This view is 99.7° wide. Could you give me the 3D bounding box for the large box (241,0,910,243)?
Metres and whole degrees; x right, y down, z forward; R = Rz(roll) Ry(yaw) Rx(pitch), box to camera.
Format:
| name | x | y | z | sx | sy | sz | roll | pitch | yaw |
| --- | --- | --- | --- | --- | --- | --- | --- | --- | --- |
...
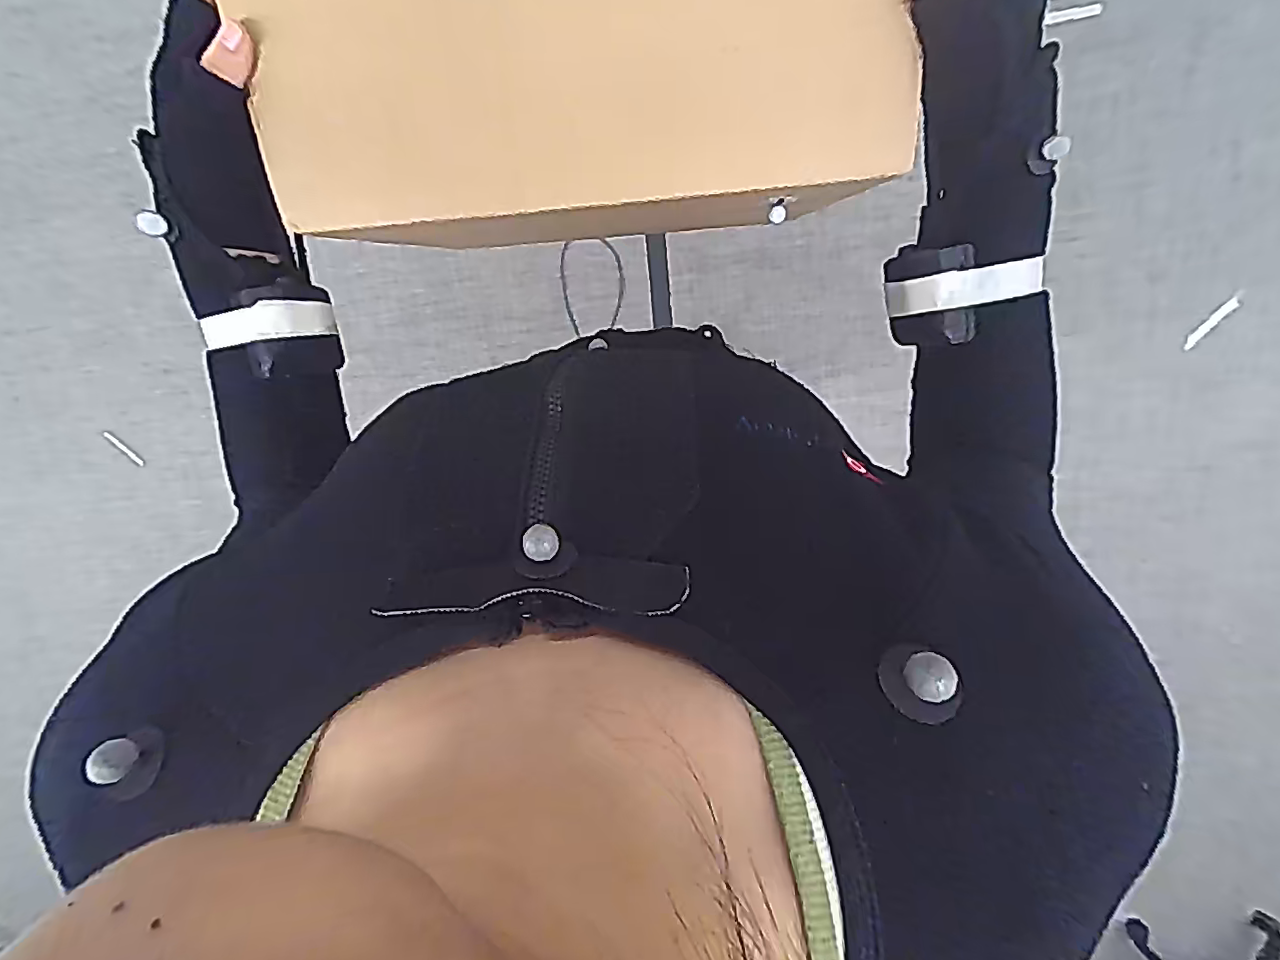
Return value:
| name | x | y | z | sx | sy | sz | roll | pitch | yaw |
| --- | --- | --- | --- | --- | --- | --- | --- | --- | --- |
| large box | -0.038 | -0.382 | 0.441 | 0.408 | 0.320 | 0.320 | -3 | 111 | 4 |

- Problem to solve
Could every entry above be printed again exactly, images excluded?

- Exercise response
This view is 99.7° wide. Could you give me the 3D bounding box for the large box (241,0,910,243)?
Metres and whole degrees; x right, y down, z forward; R = Rz(roll) Ry(yaw) Rx(pitch), box to camera.
Format:
| name | x | y | z | sx | sy | sz | roll | pitch | yaw |
| --- | --- | --- | --- | --- | --- | --- | --- | --- | --- |
...
Return value:
| name | x | y | z | sx | sy | sz | roll | pitch | yaw |
| --- | --- | --- | --- | --- | --- | --- | --- | --- | --- |
| large box | -0.038 | -0.382 | 0.441 | 0.408 | 0.320 | 0.320 | -3 | 111 | 4 |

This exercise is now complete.